## DIRECTIONS FOR THIS TASK:
Without including any pictures, give back all of the data exactly.

## RECORD EXTRACTS:
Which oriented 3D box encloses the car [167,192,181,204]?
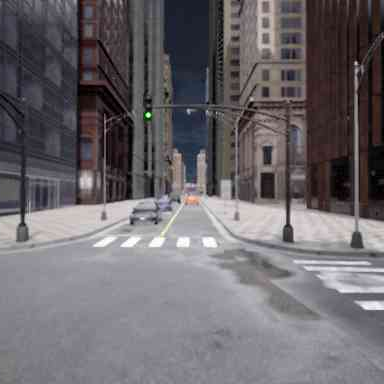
[{"bbox_3d":[-3.024,0.973,56.582,2.150,2.045,5.566,0,0,0],"label":"car"}]

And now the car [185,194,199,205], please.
[{"bbox_3d":[-0.005,1.121,52.956,2.097,1.767,4.553,0,0,0],"label":"car"}]

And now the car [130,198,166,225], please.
[{"bbox_3d":[-3.096,1.407,23.181,1.812,1.442,4.674,0,0,0],"label":"car"}]

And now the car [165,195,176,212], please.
[{"bbox_3d":[-3.090,1.348,36.396,1.812,1.442,4.674,0,1,0],"label":"car"}]

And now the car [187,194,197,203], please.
[{"bbox_3d":[-0.009,1.212,63.023,1.882,1.535,5.008,0,0,0],"label":"car"}]
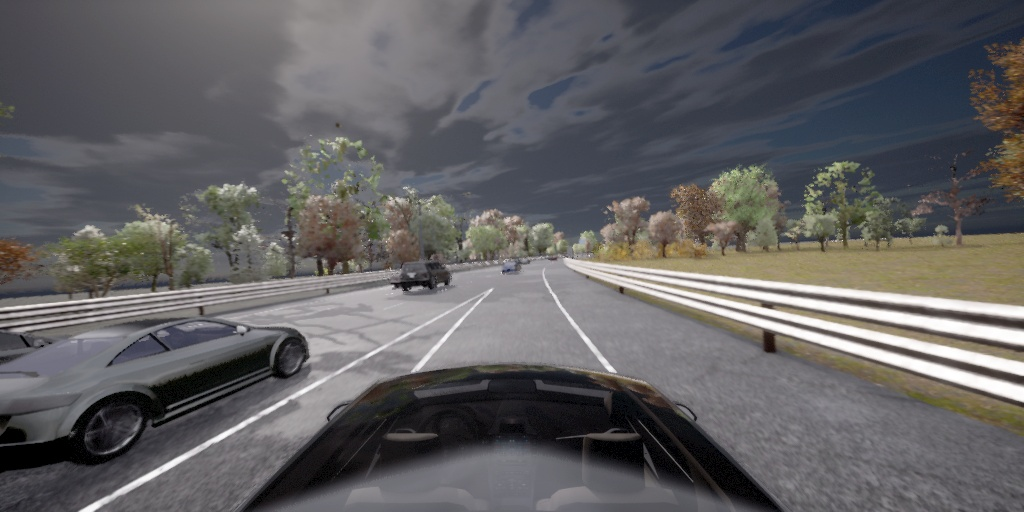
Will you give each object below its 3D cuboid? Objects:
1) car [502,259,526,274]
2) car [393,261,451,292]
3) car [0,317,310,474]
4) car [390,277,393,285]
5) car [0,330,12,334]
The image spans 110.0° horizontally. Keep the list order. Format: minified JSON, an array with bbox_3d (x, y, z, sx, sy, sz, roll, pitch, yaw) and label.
[{"bbox_3d":[-0.016,1.370,43.814,2.033,1.411,5.357,-4,0,9],"label":"car"},{"bbox_3d":[-6.197,1.403,26.127,2.150,2.045,5.566,-4,0,8],"label":"car"},{"bbox_3d":[-5.183,1.619,5.451,1.994,1.385,4.181,-4,0,6],"label":"car"},{"bbox_3d":[-8.893,1.927,31.887,2.033,1.411,5.357,-4,0,8],"label":"car"},{"bbox_3d":[-8.728,1.797,5.239,1.837,1.490,4.892,-4,0,6],"label":"car"}]
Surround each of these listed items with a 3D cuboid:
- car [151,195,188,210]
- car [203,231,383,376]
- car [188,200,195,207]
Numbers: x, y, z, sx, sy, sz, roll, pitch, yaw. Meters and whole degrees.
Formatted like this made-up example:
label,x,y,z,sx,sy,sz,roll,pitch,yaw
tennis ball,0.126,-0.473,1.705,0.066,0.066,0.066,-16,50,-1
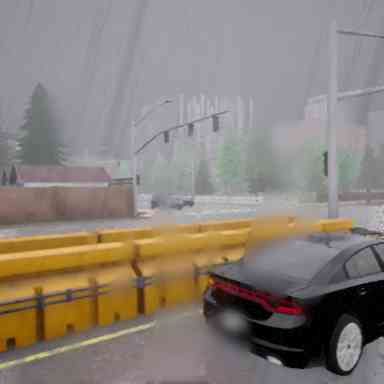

## SOLUTION TO THE EXERCISE:
Which oriented 3D box encloses the car [167,192,181,204]?
[{"bbox_3d":[-3.024,0.973,56.582,2.150,2.045,5.566,0,0,0],"label":"car"}]

And now the car [185,194,199,205], please.
[{"bbox_3d":[-0.005,1.121,52.956,2.097,1.767,4.553,0,0,0],"label":"car"}]

And now the car [130,198,166,225], please.
[{"bbox_3d":[-3.096,1.407,23.181,1.812,1.442,4.674,0,0,0],"label":"car"}]

And now the car [165,195,176,212], please.
[{"bbox_3d":[-3.090,1.348,36.396,1.812,1.442,4.674,0,1,0],"label":"car"}]

And now the car [187,194,197,203], please.
[{"bbox_3d":[-0.009,1.212,63.023,1.882,1.535,5.008,0,0,0],"label":"car"}]
Will you give each object below its 3D cuboid? Objects:
1) car [502,259,526,274]
2) car [393,261,451,292]
3) car [0,317,310,474]
4) car [390,277,393,285]
5) car [0,330,12,334]
The image spans 110.0° horizontally. Keep the list order. Format: minified JSON, an array with bbox_3d (x, y, z, sx, sy, sz, roll, pitch, yaw) and label.
[{"bbox_3d":[-0.016,1.370,43.814,2.033,1.411,5.357,-4,0,9],"label":"car"},{"bbox_3d":[-6.197,1.403,26.127,2.150,2.045,5.566,-4,0,8],"label":"car"},{"bbox_3d":[-5.183,1.619,5.451,1.994,1.385,4.181,-4,0,6],"label":"car"},{"bbox_3d":[-8.893,1.927,31.887,2.033,1.411,5.357,-4,0,8],"label":"car"},{"bbox_3d":[-8.728,1.797,5.239,1.837,1.490,4.892,-4,0,6],"label":"car"}]
Surround each of these listed items with a 3D cuboid:
- car [151,195,188,210]
- car [203,231,383,376]
- car [188,200,195,207]
Numbers: x, y, z, sx, sy, sz, roll, pitch, yaw. Meters and whole degrees.
Formatted like this made-up example:
label,x,y,z,sx,sy,sz,roll,pitch,yaw
tennis ball,0.126,-0.473,1.705,0.066,0.066,0.066,-16,50,-1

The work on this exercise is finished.